Still people ask me and want to know more. "Is it nice there?" they ask. "Yes, it is really nice there. No, I don't own a place. I rent." This always seems to make them feel better. I can hear them thinking, "Hah! He probably can't afford a place there." They are correct of course. I can't afford a place. Or at least that is not how I want to spend money. "Will you work while you are there?" they often ask. You can almost see them daring me to say no, so I always say, "Oh yes. I work a lot there. Every morning and every night." They nod in approval and it seems to lessen their anger and I can see the glee in their eyes, as they say to themselves "Well what the hell is the point of going if you have to work there?". Where is it? Tortola? they often ask. I always say, "East of St. Thomas." They nod knowingly. "Ah, yes, St. Thomas." Of course they have no idea where St. Thomas is either, but they have at least heard of it. So they feel better having some frame of reference. It seems they ask questions to keep me from talking. Most don't really care about me or Tortola. For most folks, if it is not Disneyland, they can't really relate to it. The adventurous ones may have gone to Cancun. But those two spots and maybe one of the major beaches in Florida covers vacation destination for about 99% of the people I talk to.
Not everyone responds the same way of course when they hear you are going to Tortola. . My true friends, the ones who love me no matter what, always say pretty much the same thing. "You suck!" or 'You are such an asshole." or my favorite, "God I fucking hate you." These words of pure love really warm my heart. These friends always look you in the eye and smile broadly as they spill their venom. I feel so fortunate that so many of my friends tell me they hate me upon hearing my plans. A true friend enjoys your success vicariously and can tell you openly and honestly that they are simultaneously jealous and happy for you.
I'm most wary of those folks who say, "Must be nice." These are the ones who live life as victims. They lead miserable lives and do nothing about relieving their plight and then they get jealous and even envious that you have something they don't have. They lack the clarity to see that everything comes at a cost. No one forced them to buy that $700,000 house in the proper neighborhood. Must both members of the couple drive a Lexus? Now the mortgage and car payments have choked them to the point that the only vacation they will be taking for the forseeable future will be to visit the rodent in Florida. And they really do think you suck when you tell them you are spending the winter surfing in Tortola. I'm sure they go home and bitch at one another for the rest of the evening about each other's spending habits. Putting the blame on each other for leading quiet and desperate lives.

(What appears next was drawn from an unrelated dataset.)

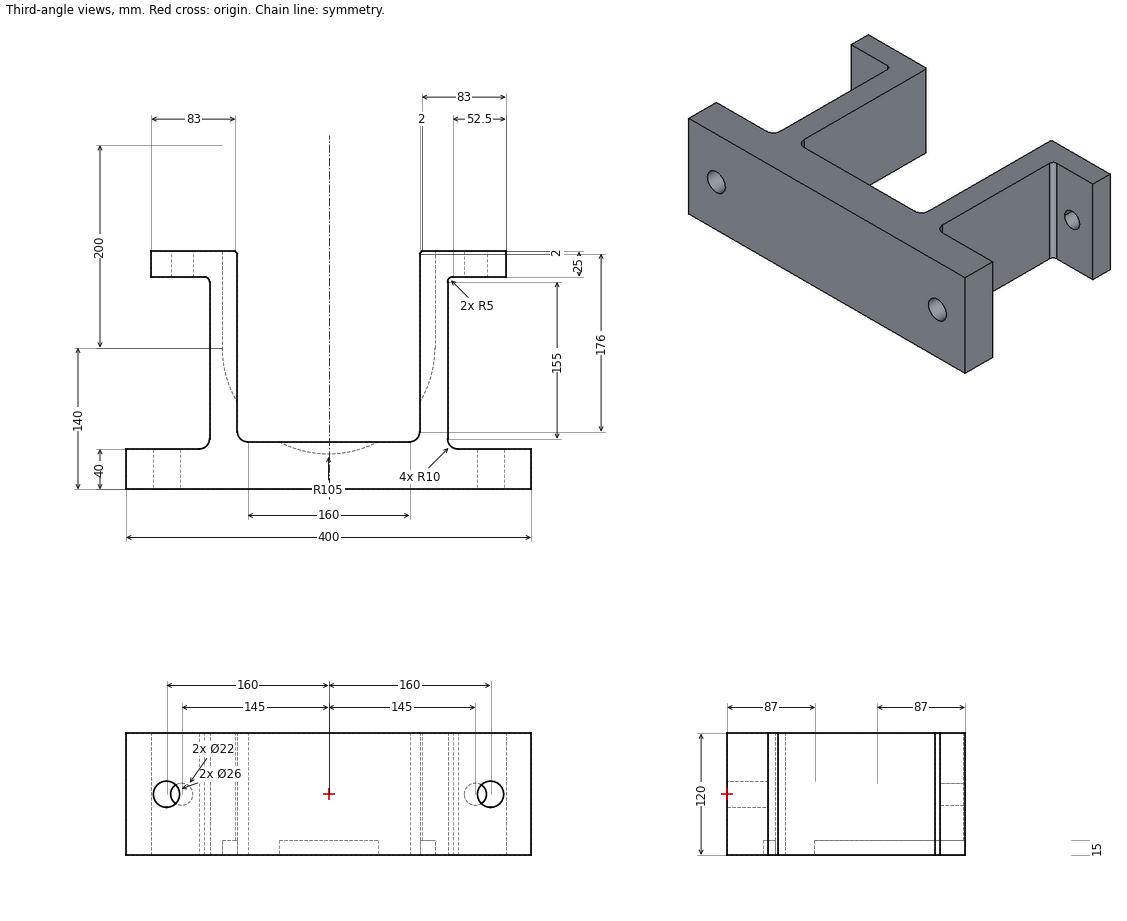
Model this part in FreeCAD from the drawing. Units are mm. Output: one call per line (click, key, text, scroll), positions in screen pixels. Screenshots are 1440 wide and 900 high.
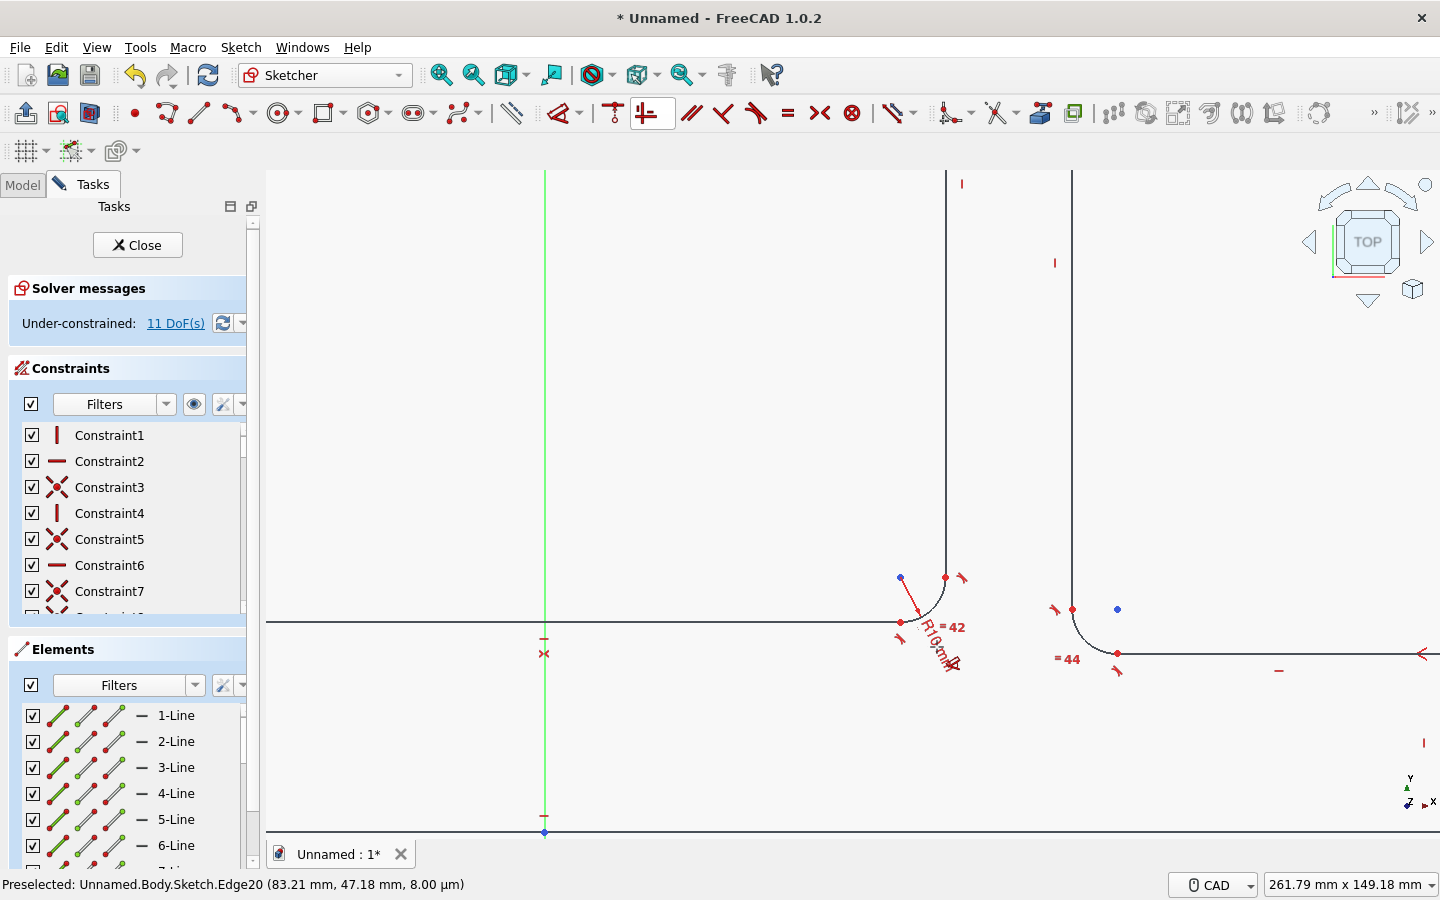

I think when someone asks about your Tortola trip, they have an obligation to shut up and let you go on for a bit. I don't want to be interrupted to hear about the trip they are taking to Chicago to visit their college roommate from twenty years ago complete with a segue into a story about a night they spent together drinking beer at a fraternity. Please. If you ask, you have to shut the fuck up for 3 minutes, listen and let me go on a bit about my story. After all, you asked. And please don't try to connect with me by mentioning your trip to Cancun. First, I don't think it is at all adventurous. That dump is like Disney World in Mexico. Except Cancun is not even in Mexico, okay? The waitstaff uses better English than our President does.
You want some cred? Tell me about a place I haven't been. Tell me about Cuba. Especially, if you got drunk in Havana and had planned to marry a prostitute until you got chased down an alley by her pimp brandishing a knife while he threatened to cut out your heart and feed it to his chickens.
So off I go. I hope you will check back from time to time and I hope I have some fun and interesting stories to share.